<ANN> TeSLa, a Domain Specific Language for Unit Testing

Hi
I just posted version 0.1.0 of TeSLa, a Domain Specific Language (DSL)
for Unit Testing.
You can download TeSLa along with a small example script from
http://theniceweb.com/projects/tesla/tesla.zip (zip)
or here
http://theniceweb.com/projects/tesla/tesla.tar.gz (tar.gz)
I also posted a small article/tutorial explaining the rationale and use
of TeSLa here
http://www.theniceweb.com/JaviersBlog/2005/10/tesla-test-specific-language-for-ruby.html

javierg1975@gmail.com wrote:

Hi
I just posted version 0.1.0 of TeSLa, a Domain Specific Language (DSL)
for Unit Testing.
You can download TeSLa along with a small example script from
http://theniceweb.com/projects/tesla/tesla.zip (zip)
or here
http://theniceweb.com/projects/tesla/tesla.tar.gz (tar.gz)
I also posted a small article/tutorial explaining the rationale and use
of TeSLa here
http://www.theniceweb.com/JaviersBlog/2005/10/tesla-test-specific-language-for-ruby.html

This looks quite interesting. Two questions:

1. How does this compare to behavior-driven development?
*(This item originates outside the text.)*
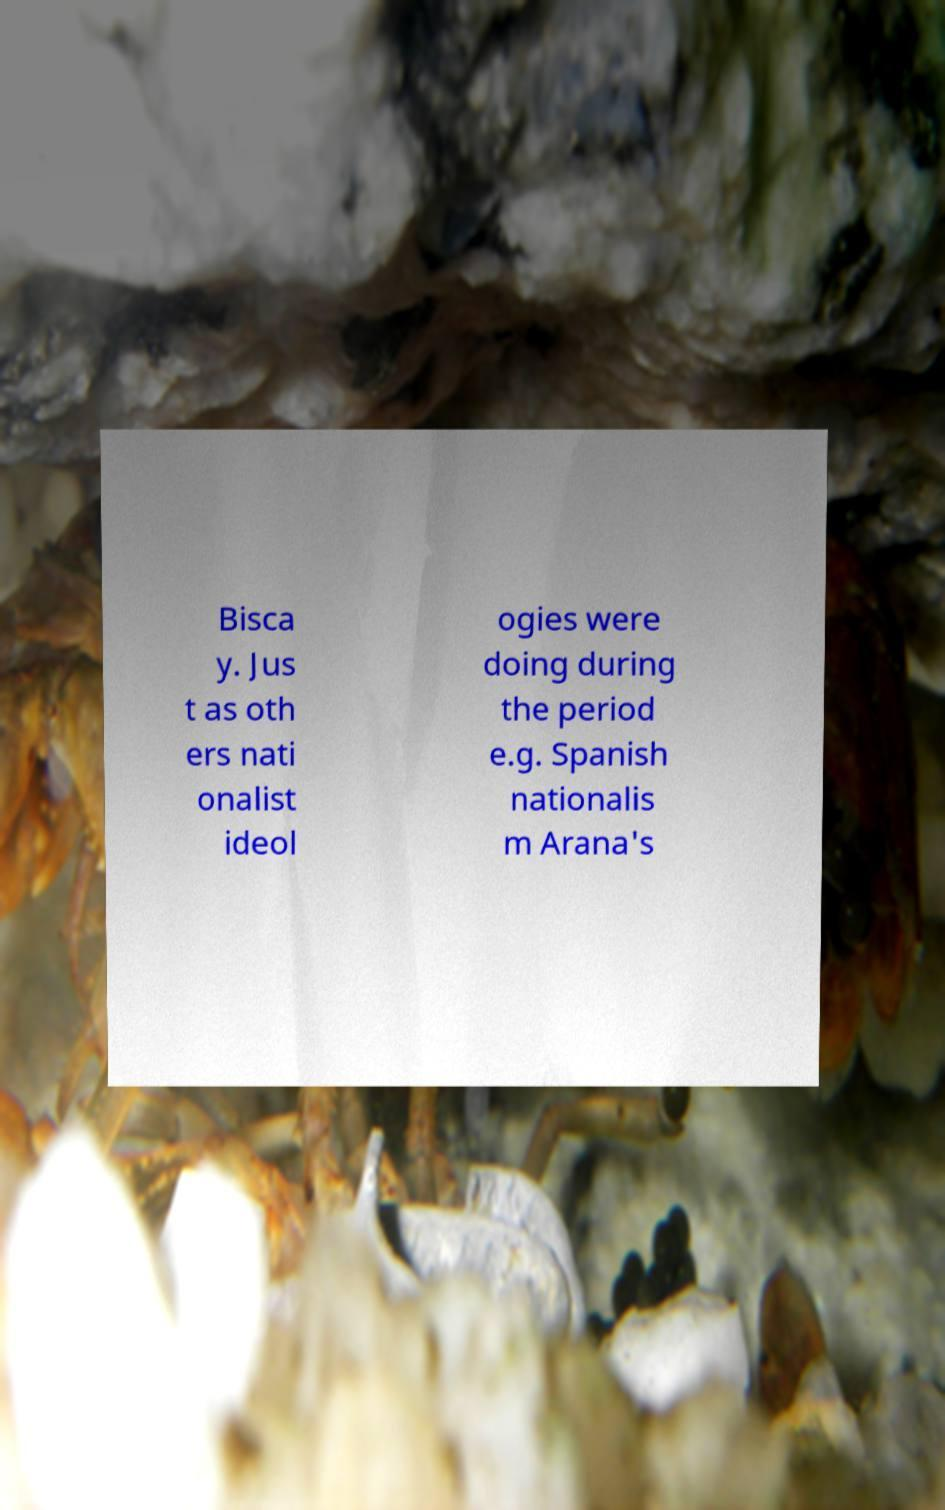For documentation purposes, I need the text within this image transcribed. Could you provide that? Bisca y. Jus t as oth ers nati onalist ideol ogies were doing during the period e.g. Spanish nationalis m Arana's 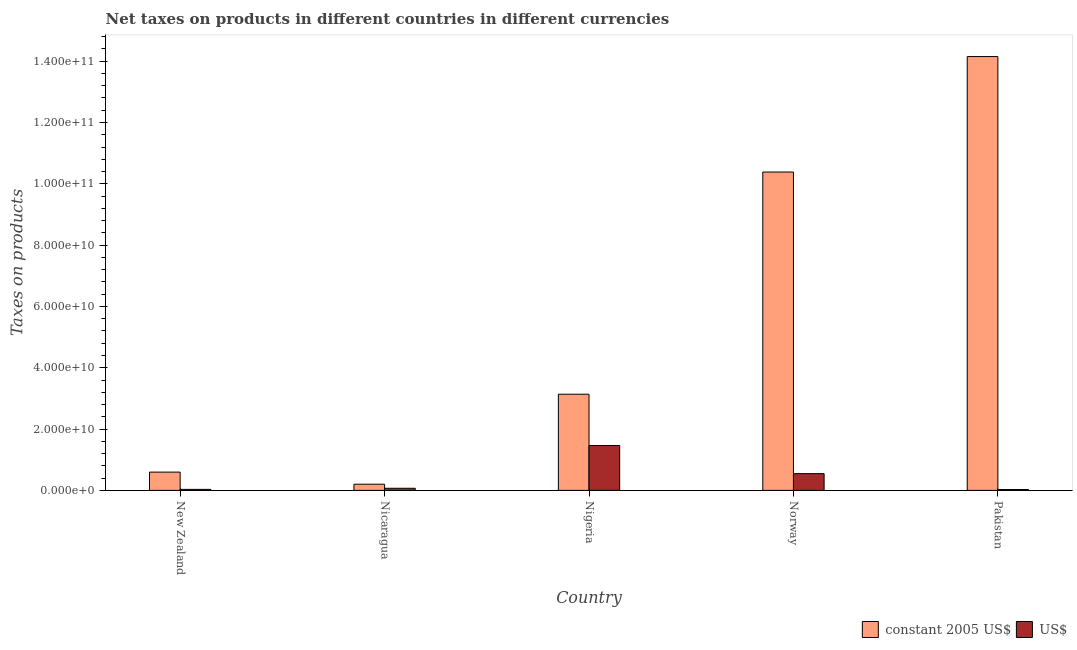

http://daveastels.com/index.php?p=5

2. The TeSLa docs give this example, comparing Test::Unit and TesLa:

class TestCatalog < Test::Unit::TestCase
  def test_add_item
   catalog = Catalog.new()
   catalog.items = [:item1, :item2, :item3]
   catalog.add_item :item4
   assert_equal(catalog.size, 4, "length should be 4")
  end
end

would look like this in TeSLa

test_method :add_item => [:item4] do
  requires {@items = [:item1, :item2, :item3]}
  assert {size == 4}
end

How does the TeSLa version know what :item4 is for, or where it goes, or what 'size' refers to? The example has no reference to Catalog; how does the code know to test that class?